If you ever make a MessScape, I'd love a photo to add to my collection.

Sunday, March 7, 2010

Melbourne hail stone desert with gleaned garden refuse, brown sugar and cream

Hail stone desert with gleaned garden refuse, brown sugar and cream

You must wait patently for suitable conditions before you make this dish.
When the hailstorm finally arrives, you must gather the necessary ingredients swiftly, for optimum crunch and deliciousness.

If the hailstones have been sitting in icy meltwater, they loose their fluffiness, becoming hard and glassy
Gather, brush off any mulch they landed in, and mix with brown sugar and cream.

For garnish, go back to the garden and glean felled bits of mint, battered rasberries.

Stay positive.

Things will grow back. Cultivate them in pots for mobility, don't let storms hypnotize you, and be quicker to pull them in next time.

Saturday, March 6, 2010

My guardian angel's trumpet trying to help and comfort me

Parasol-like, chandelier-like, its my pink angels trumpet in bloom
Photo: Cecilia
Today I started dragging my worldly goods from the garage, to photograph for sale. I must leave my lovely house, so before the terrible day comes, I will shed whatever is probably not essential to my new mystery life.

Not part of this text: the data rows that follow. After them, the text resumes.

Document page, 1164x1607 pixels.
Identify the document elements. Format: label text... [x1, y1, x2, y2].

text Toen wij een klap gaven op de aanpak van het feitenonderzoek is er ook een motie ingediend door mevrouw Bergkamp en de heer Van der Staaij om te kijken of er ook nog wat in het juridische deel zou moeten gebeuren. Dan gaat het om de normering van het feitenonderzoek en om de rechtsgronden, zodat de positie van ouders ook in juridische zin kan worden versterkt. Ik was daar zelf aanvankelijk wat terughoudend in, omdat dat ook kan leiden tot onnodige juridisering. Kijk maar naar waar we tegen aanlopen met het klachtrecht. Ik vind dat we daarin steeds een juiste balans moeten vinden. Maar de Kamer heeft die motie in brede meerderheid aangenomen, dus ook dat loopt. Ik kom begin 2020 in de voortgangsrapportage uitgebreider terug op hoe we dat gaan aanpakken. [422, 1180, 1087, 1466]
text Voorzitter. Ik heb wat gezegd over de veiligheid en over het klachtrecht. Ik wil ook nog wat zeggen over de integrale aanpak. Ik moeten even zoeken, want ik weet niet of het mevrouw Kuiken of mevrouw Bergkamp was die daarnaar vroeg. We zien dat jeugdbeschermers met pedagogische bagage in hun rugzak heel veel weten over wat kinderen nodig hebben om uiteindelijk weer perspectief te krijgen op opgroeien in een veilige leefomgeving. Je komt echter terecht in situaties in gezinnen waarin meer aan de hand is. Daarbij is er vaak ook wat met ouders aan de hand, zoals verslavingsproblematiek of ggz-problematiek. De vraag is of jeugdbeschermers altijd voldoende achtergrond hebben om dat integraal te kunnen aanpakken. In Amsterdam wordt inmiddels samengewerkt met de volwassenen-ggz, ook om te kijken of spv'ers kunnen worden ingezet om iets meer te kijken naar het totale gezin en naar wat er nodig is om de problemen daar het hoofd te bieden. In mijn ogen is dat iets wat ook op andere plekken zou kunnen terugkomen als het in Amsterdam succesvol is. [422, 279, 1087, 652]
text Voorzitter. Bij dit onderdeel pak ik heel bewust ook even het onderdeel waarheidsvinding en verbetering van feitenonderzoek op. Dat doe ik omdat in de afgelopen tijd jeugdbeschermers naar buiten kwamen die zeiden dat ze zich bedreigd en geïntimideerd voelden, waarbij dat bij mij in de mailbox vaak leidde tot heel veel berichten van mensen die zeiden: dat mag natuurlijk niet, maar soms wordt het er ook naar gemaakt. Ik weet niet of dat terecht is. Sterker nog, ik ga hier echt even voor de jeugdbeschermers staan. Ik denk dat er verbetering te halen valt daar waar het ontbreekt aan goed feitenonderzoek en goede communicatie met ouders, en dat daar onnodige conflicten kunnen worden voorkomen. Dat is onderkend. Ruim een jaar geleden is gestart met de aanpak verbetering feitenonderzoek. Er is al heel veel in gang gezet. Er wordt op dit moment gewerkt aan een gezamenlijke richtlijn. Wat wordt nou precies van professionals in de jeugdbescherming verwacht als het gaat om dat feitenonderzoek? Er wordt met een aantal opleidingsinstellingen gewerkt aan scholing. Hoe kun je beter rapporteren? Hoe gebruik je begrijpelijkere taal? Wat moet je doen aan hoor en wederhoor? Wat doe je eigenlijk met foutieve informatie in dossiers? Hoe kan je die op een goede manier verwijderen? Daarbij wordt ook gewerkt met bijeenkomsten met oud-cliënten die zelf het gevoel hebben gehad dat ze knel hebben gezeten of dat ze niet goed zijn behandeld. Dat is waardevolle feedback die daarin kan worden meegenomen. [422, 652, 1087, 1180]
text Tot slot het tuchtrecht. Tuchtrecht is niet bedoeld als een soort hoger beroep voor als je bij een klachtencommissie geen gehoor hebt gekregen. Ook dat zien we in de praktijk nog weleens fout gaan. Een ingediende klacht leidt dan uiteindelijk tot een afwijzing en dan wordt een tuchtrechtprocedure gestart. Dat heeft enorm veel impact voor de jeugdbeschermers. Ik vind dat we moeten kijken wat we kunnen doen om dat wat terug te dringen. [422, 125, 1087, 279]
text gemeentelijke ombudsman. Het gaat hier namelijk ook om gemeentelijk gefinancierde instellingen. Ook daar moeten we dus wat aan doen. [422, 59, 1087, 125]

My plants are worried about me, I think. Look what this angel trumpet did - she lent me her beauty to help sell my things, and bloomed on this very day.

Thursday, March 4, 2010

I must leave my darling home and garden.

My living room 2007,
with fishpond, roses and custom clothes dryer over the heating

What a surprise - my landlord is selling my beloved North Melbourne house. After six years, it was starting to look unmistakably like me.

Courtyard Christmas 2009
with river of curvy bricks

Well, by April 15th, my cat, my plants, my furniture collection and myself will all be somewhere else, and I can't for the life of me imagine where.

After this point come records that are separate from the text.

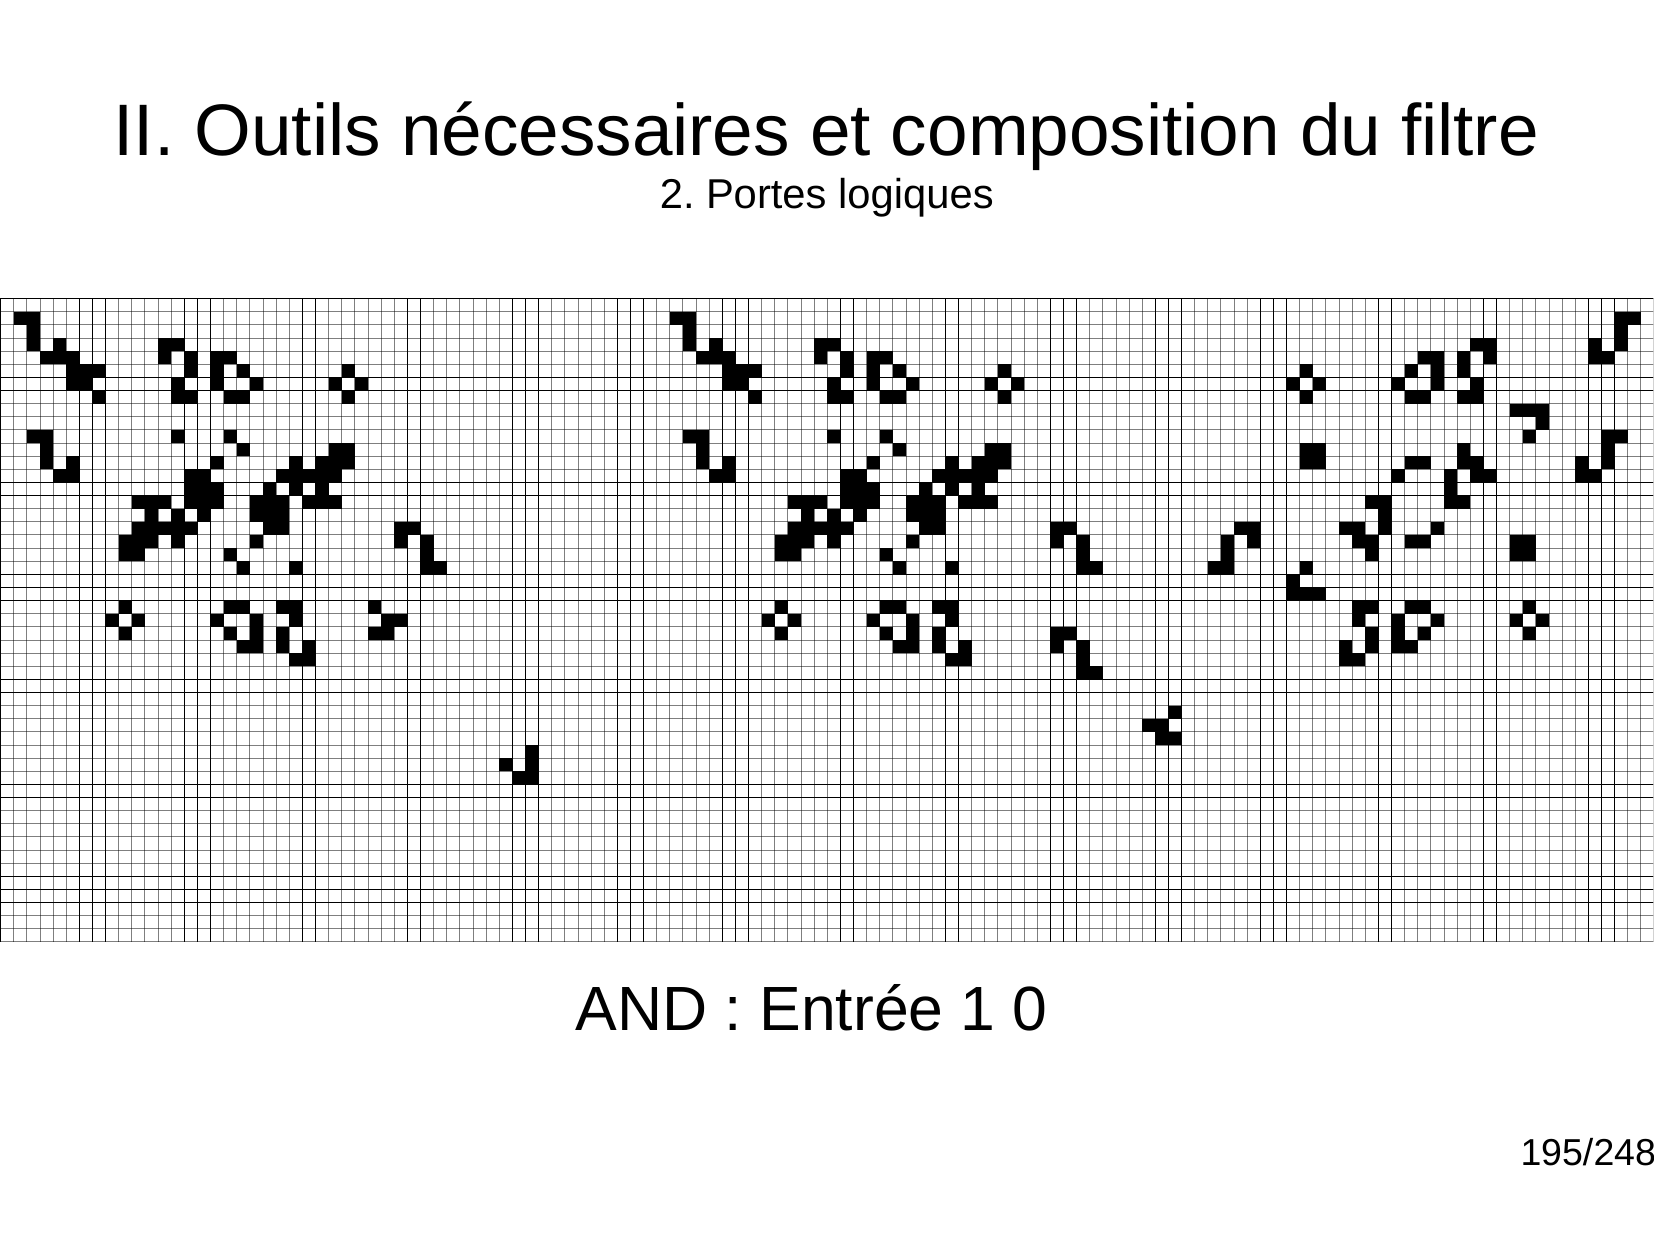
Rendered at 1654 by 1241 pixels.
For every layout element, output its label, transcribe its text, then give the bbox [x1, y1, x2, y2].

text_box <number>/248 [1505, 1124, 1654, 1182]
picture [0, 298, 1654, 942]
title II. Outils nécessaires et composition du filtre 2. Portes logiques [82, 49, 1571, 257]
text_box AND : Entrée 1 0 [561, 966, 1064, 1052]

Somewhere bigger - a old mansion to paint up, with a flock of beautiful Japanese women helping out?

Somewhere further - an old Japanese farmhouse, with my things in storage, and my plants and cat and car with babysitters?

Woodfire stove with kid goat.
Illustration by Cecilia

Something funnier : roaming Australia in a restored frilly 1950's caravan?

Even though I'm a kind of Fairy of Flexibility, I need your good advice and clever ideas, because this is not my average-sized challenge.

Detail of the fairies I painted in acrylic,
splashed with rainbow light from the balcony-hung crystal

Without you, it is quite possible I could end up somewhere....dastardly. Keep in touch. Send advice and ideas. Keep me encouraged.